# Lab 5: Eigenvalues, eigenvectors, and linear multivariate solutions

How do we use Python to find eigenvalues and eigenvectors? 

Let's say we have a simple 2x2 matrix

In [None]:
from sympy import *
var('a,b,c,d')
M = Matrix([[a,b],
            [c,d]])
M

To find both the eigenvalues and eigenvectors we can then use SymPy's built in `eigenvects` function

In [None]:
es = M.eigenvects()
es

This is a list of length 2, where the first item is

In [None]:
es0 = es[0]
es0

which is a "tuple" (essentially a list) of length 3. The first item is an eigenvalue

In [None]:
es0[0]

the second item is the "multiplicity" of that eigenvalue (sometimes there are multiple eigenvalues with the same value, and the multiplicity is how many eigenvalues have this value)

In [None]:
es0[1]

and the third item is a list of right eigenvectors (if the multiplicity is >1 then there can be more than one right eigenvector)

In [None]:
es0[2]

In this case we can extract the only right eigenvector as the first item in that list

In [None]:
es0[2][0]

The second item in the `eigenvects` list is another tuple giving the second eigenvalue, it's multiplicity, and the associated right eigenvector

In [None]:
es[1]

We can also get the matrices of right eigenvectors ($\mathbf{A}$) and eigenvalues ($\mathbf{D}$) directly

In [None]:
A, D = M.diagonalize()
A, D

## Question

Let's put this into practice by analyzing what is known as "Kimura's two-parameter model of mutation". Here we model how the number of adenines ($n_A$), guanines ($n_G$), cytosines ($n_C$), and thymines ($n_T$), in a sequence of DNA changes over generations.

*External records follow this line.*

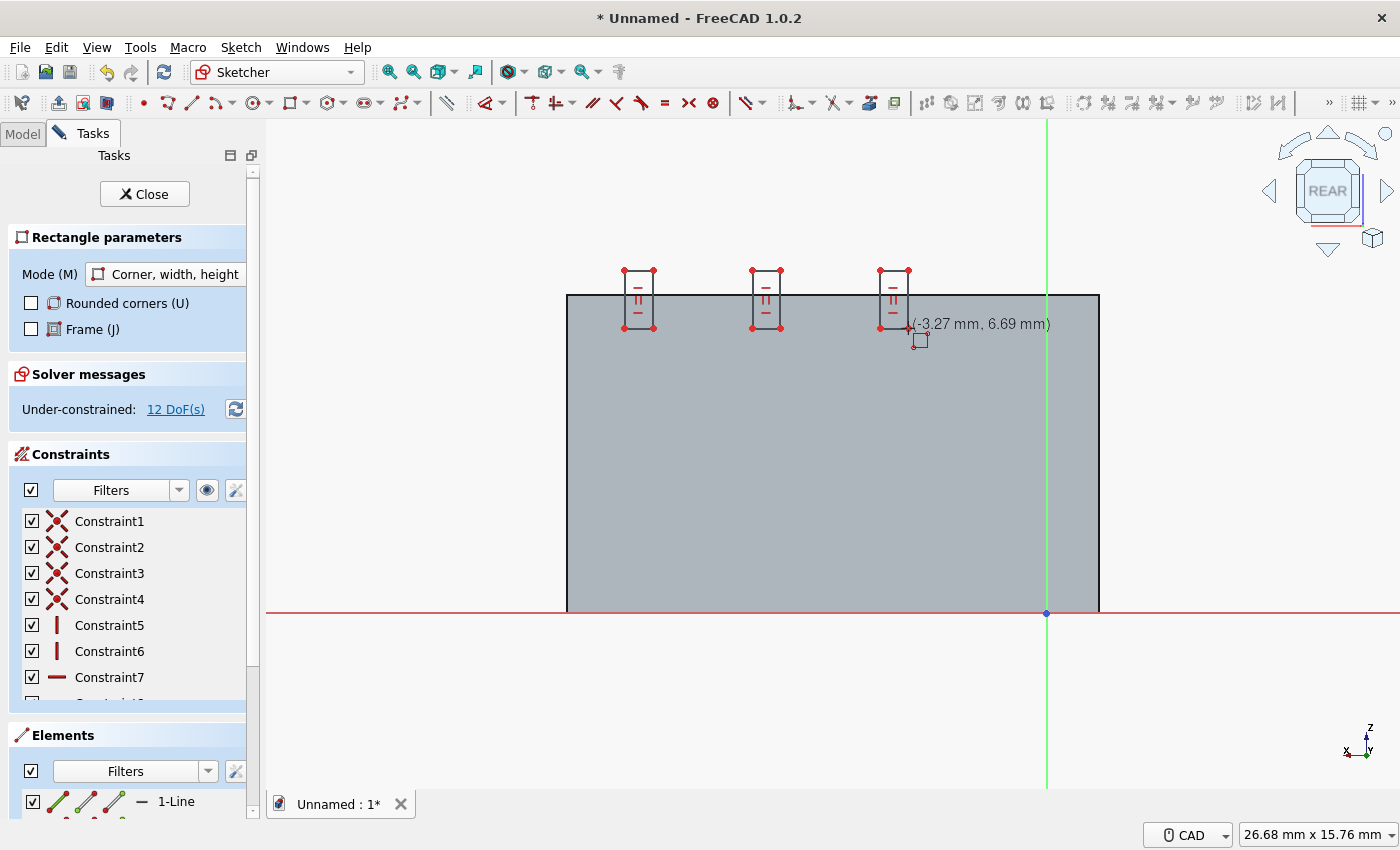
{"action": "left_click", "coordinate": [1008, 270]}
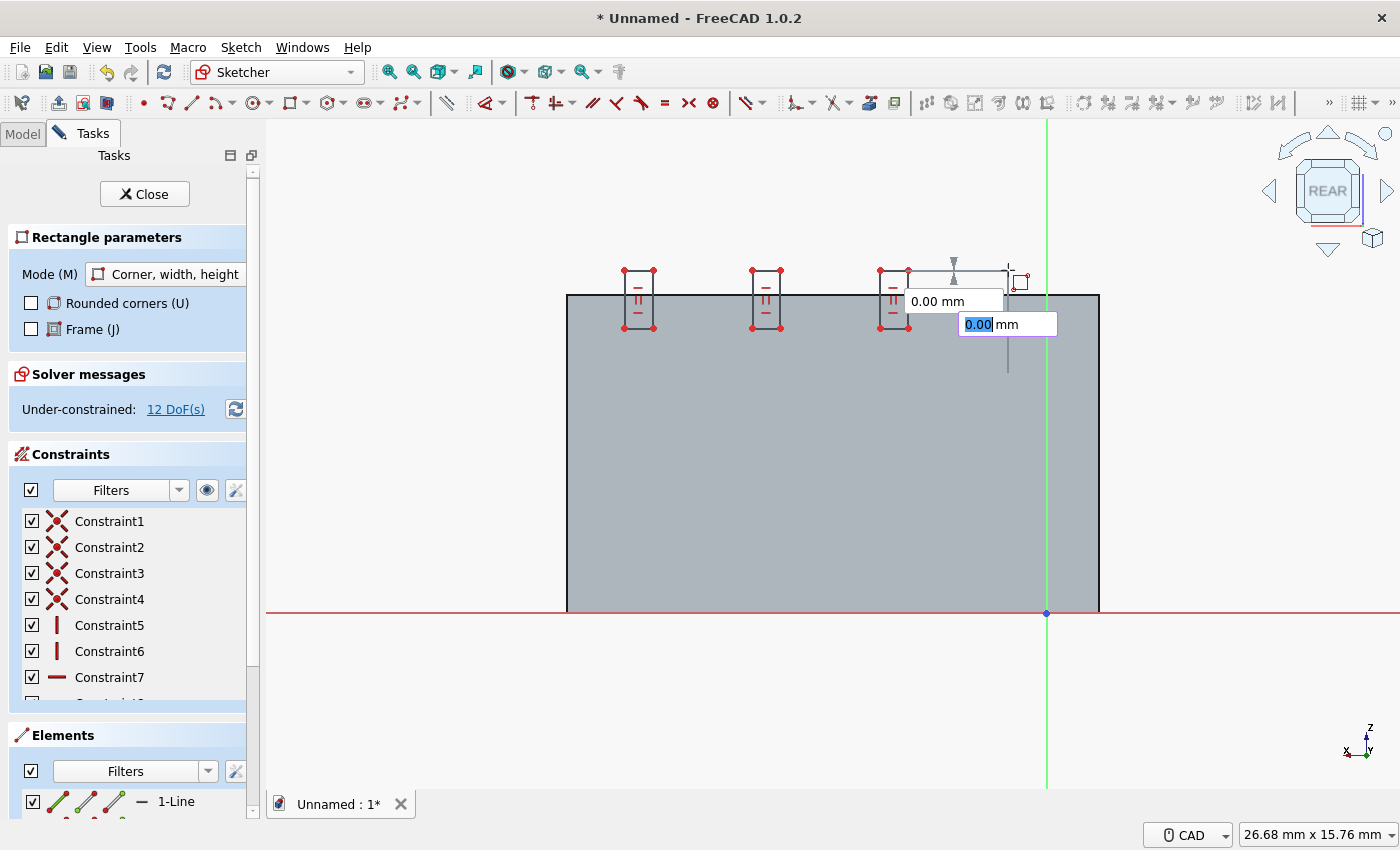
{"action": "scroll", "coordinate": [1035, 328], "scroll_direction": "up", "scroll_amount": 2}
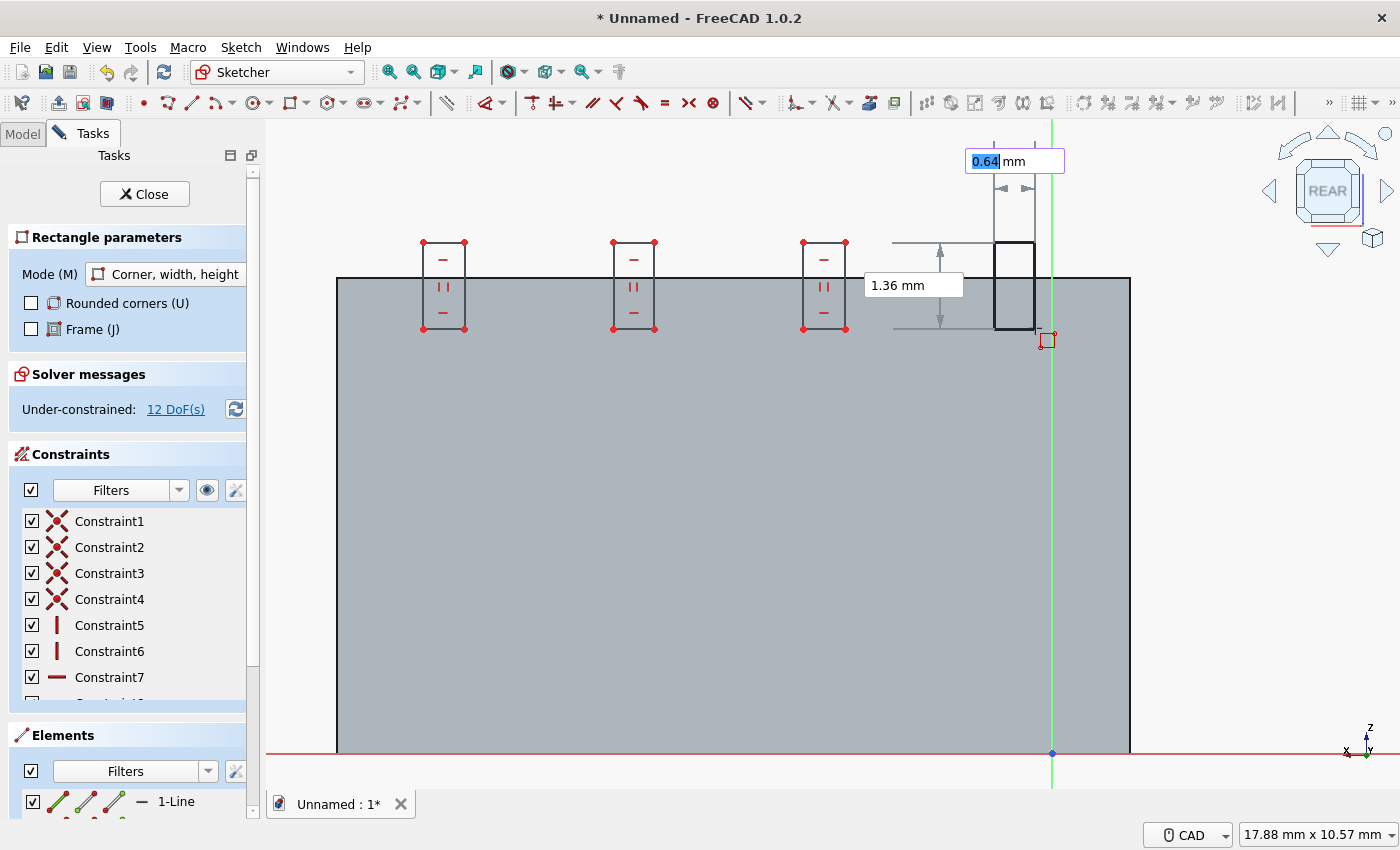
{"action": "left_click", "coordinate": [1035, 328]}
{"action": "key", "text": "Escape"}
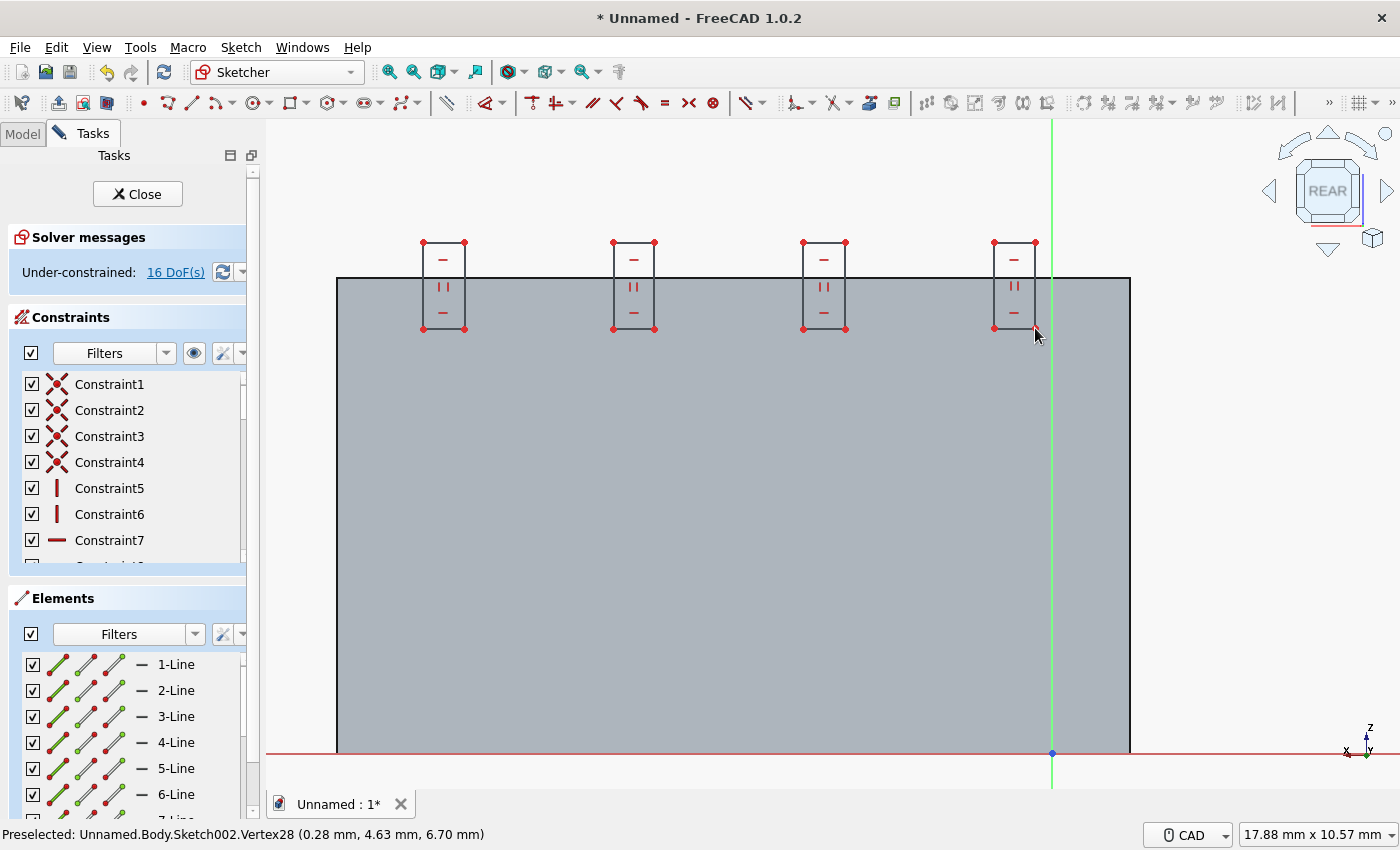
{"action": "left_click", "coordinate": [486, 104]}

We assume that *transitions* (from A to G, G to A, C to T, and T to C) happen with probability $\alpha$ per generation while *transversions* (the remainder of mutations, which are generally less likely because they alter the ring structure of the DNA) happen with probability $\beta$ per generation. We assume no other force but mutation is acting (this is a "neutral" model, where there is no selection). The system of linear recursion equations is, in matrix form,

$$
\begin{pmatrix}
n_A(t+1) \\ n_G(t+1) \\ n_C(t+1) \\ n_T(t+1)
\end{pmatrix}
= 
\begin{pmatrix}
1-\alpha-2\beta & \alpha & \beta & \beta \\
\alpha & 1-\alpha-2\beta & \beta & \beta \\
\beta & \beta & 1-\alpha-2\beta & \alpha \\
\beta & \beta & \alpha & 1-\alpha-2\beta \\
\end{pmatrix}
\begin{pmatrix}
n_A(t) \\ n_G(t) \\ n_C(t) \\ n_T(t)
\end{pmatrix}
$$

Use the general solution, $\vec{n}(t) = \mathbf{A} \mathbf{D}^t \mathbf{A}^{-1} \vec{n}(0)$, to calculate the fraction of each nucleotide after 100 million generations assuming $\alpha=10^{-7}$, $\beta=10^{-8}$, and $\vec{n}(0) = \begin{pmatrix} 0.1 \\ 0.25 \\ 0.25 \\ 0.4 \end{pmatrix}$. (Note that we switched from the *number* of each nucleotide to the *fraction* of each nucleotide, which is fine since the total number of nucleotides will remain constant, meaning we can convert between numbers and fractions without loss of information). Explain the correspondance of your answer with the right eigenvector associated with the leading eigenvalue.